How to complete this task:
Print all records exactly, pictures left out.
━━ Information shown ━━
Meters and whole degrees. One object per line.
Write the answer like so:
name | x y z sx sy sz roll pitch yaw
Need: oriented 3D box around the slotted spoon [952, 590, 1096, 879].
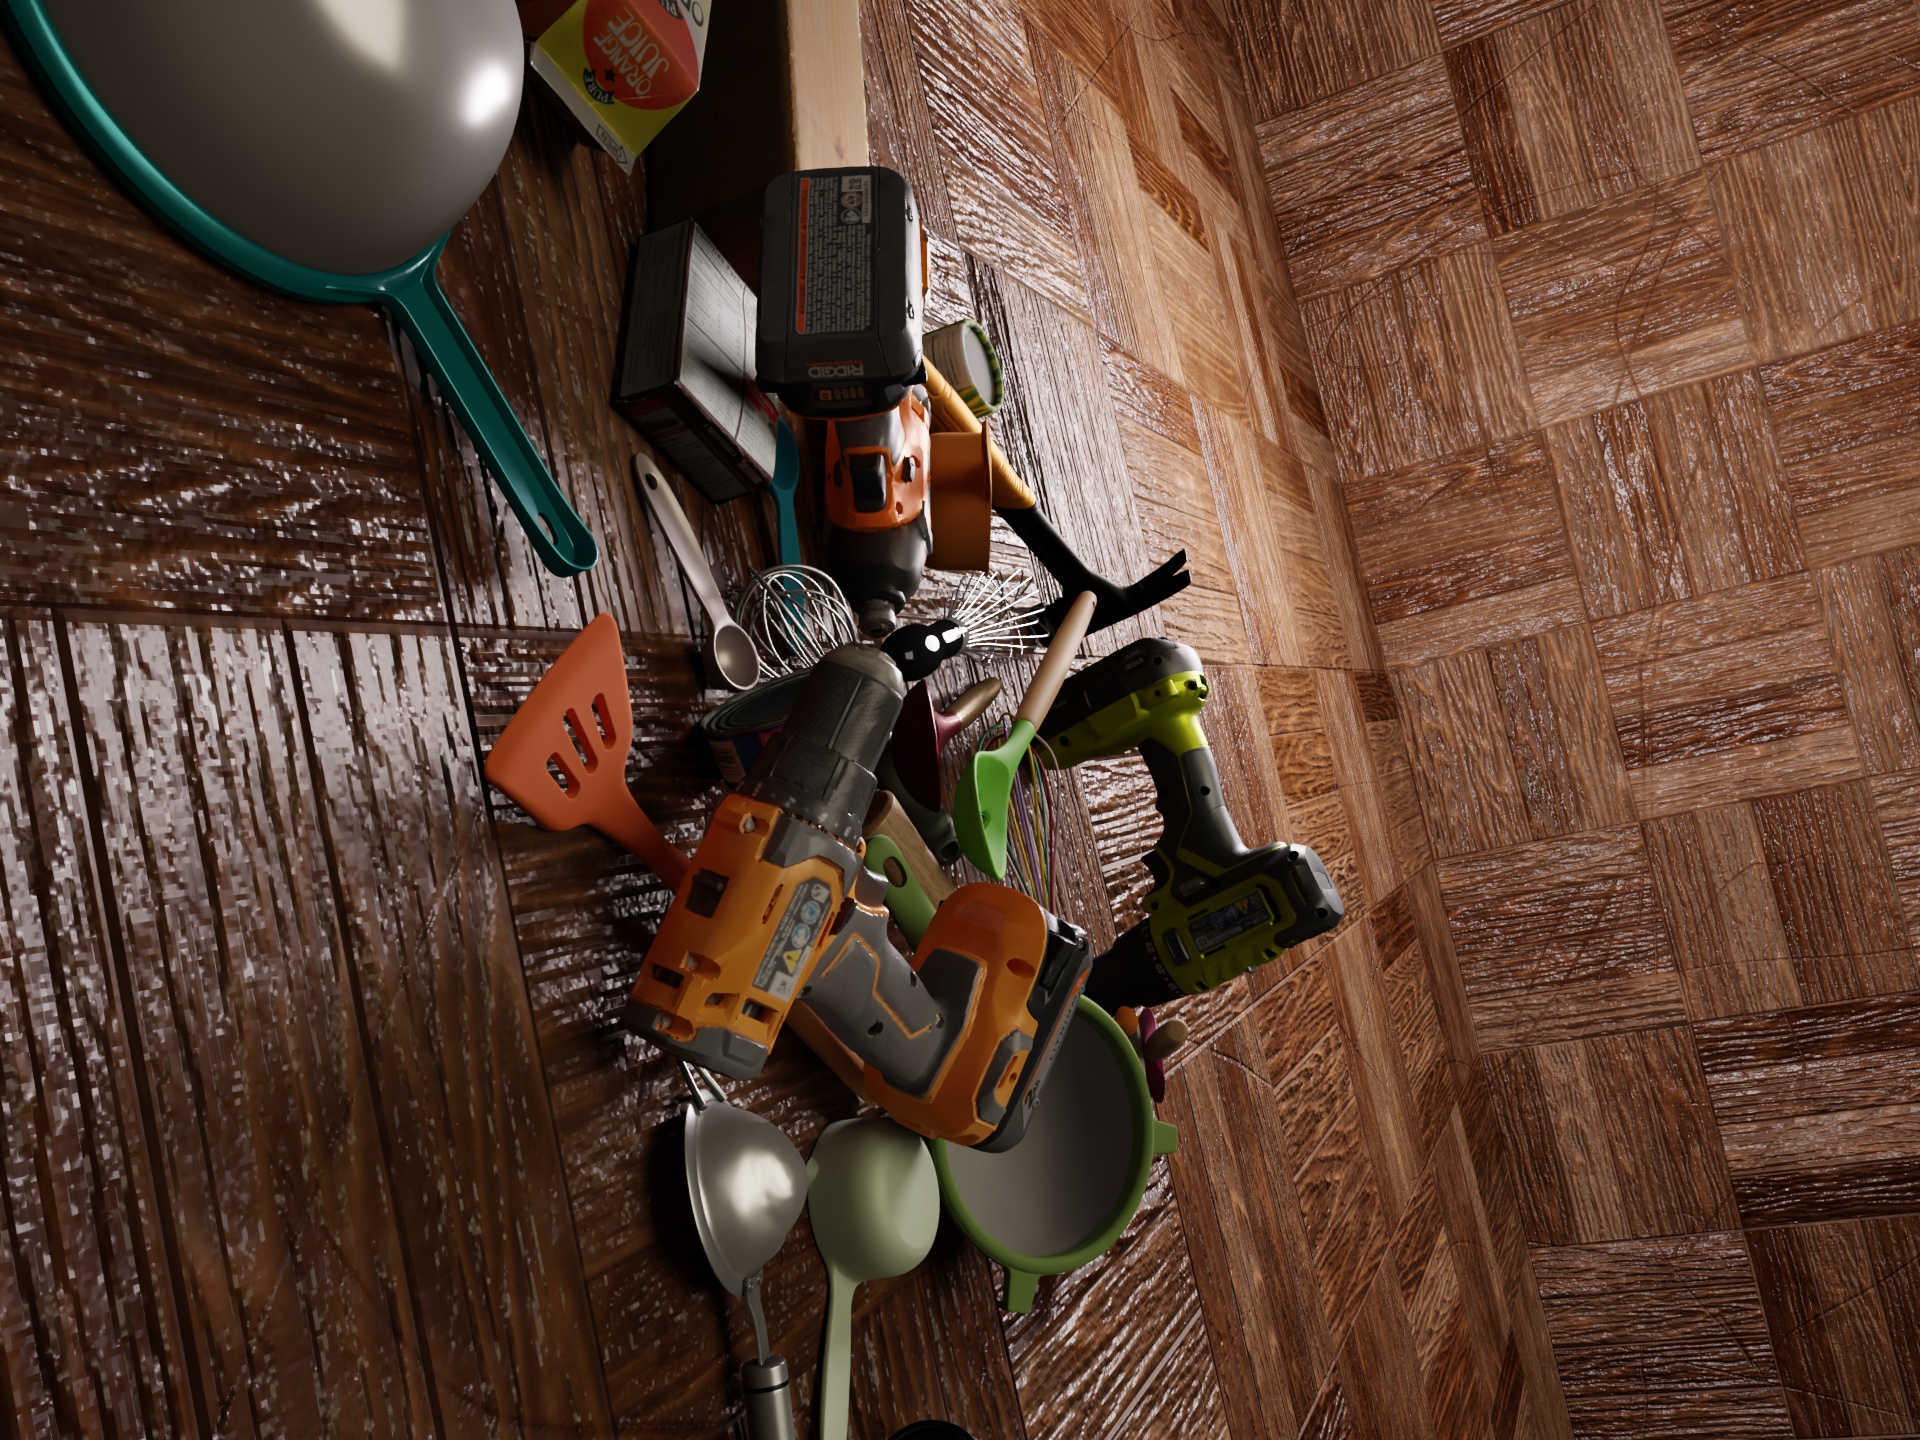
slotted spoon | 0.046 -0.006 1.000 0.314 0.031 0.070 -61 140 -54

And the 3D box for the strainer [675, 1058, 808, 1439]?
strainer | -0.079 0.261 0.656 0.087 0.050 0.258 28 54 -78

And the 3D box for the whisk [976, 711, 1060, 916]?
whisk | 0.052 0.115 1.033 0.051 0.047 0.245 -15 94 -49

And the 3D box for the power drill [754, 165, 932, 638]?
power drill | -0.052 -0.156 0.838 0.226 0.084 0.164 82 6 -65

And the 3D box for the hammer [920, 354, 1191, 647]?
hammer | 0.028 -0.165 1.070 0.336 0.127 0.034 42 34 -43

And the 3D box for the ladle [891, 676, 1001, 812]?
ladle | -0.001 -0.003 0.931 0.315 0.031 0.069 -42 128 -78

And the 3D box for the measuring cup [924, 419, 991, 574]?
measuring cup | -0.007 -0.146 0.962 0.173 0.052 0.095 87 3 -79

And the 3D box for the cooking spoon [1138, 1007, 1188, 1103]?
cooking spoon | 0.128 0.214 1.041 0.318 0.017 0.069 80 3 -75

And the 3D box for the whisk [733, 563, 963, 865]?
whisk | -0.052 0.004 0.860 0.059 0.058 0.246 45 -10 46

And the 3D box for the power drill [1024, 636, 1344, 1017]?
power drill | 0.128 0.077 1.086 0.080 0.190 0.229 14 50 -64

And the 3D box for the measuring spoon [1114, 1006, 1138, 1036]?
measuring spoon | 0.082 0.215 0.968 0.117 0.011 0.021 -46 121 -45

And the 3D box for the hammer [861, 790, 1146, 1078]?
hammer | 0.028 0.164 0.941 0.331 0.031 0.130 57 44 -31

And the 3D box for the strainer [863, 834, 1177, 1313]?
strainer | 0.003 0.177 0.863 0.151 0.069 0.256 -36 98 -37

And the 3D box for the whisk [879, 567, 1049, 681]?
whisk | 0.002 -0.053 0.954 0.284 0.070 0.070 -35 109 -73

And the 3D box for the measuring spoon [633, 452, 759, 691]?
measuring spoon | -0.132 -0.069 0.764 0.124 0.018 0.034 66 29 -6

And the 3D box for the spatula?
spatula | -0.102 0.087 0.699 0.081 0.041 0.322 -58 136 -28

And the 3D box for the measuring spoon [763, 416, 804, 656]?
measuring spoon | -0.101 -0.098 0.851 0.042 0.021 0.128 -8 93 -67

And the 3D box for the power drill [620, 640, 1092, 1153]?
power drill | -0.030 0.087 0.713 0.226 0.084 0.185 37 72 -46

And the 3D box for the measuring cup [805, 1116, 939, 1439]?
measuring cup | -0.040 0.264 0.737 0.083 0.038 0.168 52 31 -43

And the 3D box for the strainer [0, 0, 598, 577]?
strainer | -0.198 -0.211 0.587 0.340 0.095 0.211 64 26 -23
━━━
Task result:
Meters and whole degrees. One object per line.
Write the answer like so:
name | x y z sx sy sz roll pitch yaw
Need: oriented 3D box around the slotted spoon [952, 590, 1096, 879].
slotted spoon | 0.046 -0.006 1.000 0.314 0.031 0.070 -61 140 -54

And the 3D box for the strainer [675, 1058, 808, 1439]?
strainer | -0.079 0.261 0.656 0.087 0.050 0.258 28 54 -78

And the 3D box for the whisk [976, 711, 1060, 916]?
whisk | 0.052 0.115 1.033 0.051 0.047 0.245 -15 94 -49

And the 3D box for the power drill [754, 165, 932, 638]?
power drill | -0.052 -0.156 0.838 0.226 0.084 0.164 82 6 -65

And the 3D box for the hammer [920, 354, 1191, 647]?
hammer | 0.028 -0.165 1.070 0.336 0.127 0.034 42 34 -43

And the 3D box for the ladle [891, 676, 1001, 812]?
ladle | -0.001 -0.003 0.931 0.315 0.031 0.069 -42 128 -78

And the 3D box for the measuring cup [924, 419, 991, 574]?
measuring cup | -0.007 -0.146 0.962 0.173 0.052 0.095 87 3 -79

And the 3D box for the cooking spoon [1138, 1007, 1188, 1103]?
cooking spoon | 0.128 0.214 1.041 0.318 0.017 0.069 80 3 -75

And the 3D box for the whisk [733, 563, 963, 865]?
whisk | -0.052 0.004 0.860 0.059 0.058 0.246 45 -10 46

And the 3D box for the power drill [1024, 636, 1344, 1017]?
power drill | 0.128 0.077 1.086 0.080 0.190 0.229 14 50 -64

And the 3D box for the measuring spoon [1114, 1006, 1138, 1036]?
measuring spoon | 0.082 0.215 0.968 0.117 0.011 0.021 -46 121 -45

And the 3D box for the hammer [861, 790, 1146, 1078]?
hammer | 0.028 0.164 0.941 0.331 0.031 0.130 57 44 -31

And the 3D box for the strainer [863, 834, 1177, 1313]?
strainer | 0.003 0.177 0.863 0.151 0.069 0.256 -36 98 -37

And the 3D box for the whisk [879, 567, 1049, 681]?
whisk | 0.002 -0.053 0.954 0.284 0.070 0.070 -35 109 -73

And the 3D box for the measuring spoon [633, 452, 759, 691]?
measuring spoon | -0.132 -0.069 0.764 0.124 0.018 0.034 66 29 -6

And the 3D box for the spatula?
spatula | -0.102 0.087 0.699 0.081 0.041 0.322 -58 136 -28

And the 3D box for the measuring spoon [763, 416, 804, 656]?
measuring spoon | -0.101 -0.098 0.851 0.042 0.021 0.128 -8 93 -67

And the 3D box for the power drill [620, 640, 1092, 1153]?
power drill | -0.030 0.087 0.713 0.226 0.084 0.185 37 72 -46

And the 3D box for the measuring cup [805, 1116, 939, 1439]?
measuring cup | -0.040 0.264 0.737 0.083 0.038 0.168 52 31 -43

And the 3D box for the strainer [0, 0, 598, 577]?
strainer | -0.198 -0.211 0.587 0.340 0.095 0.211 64 26 -23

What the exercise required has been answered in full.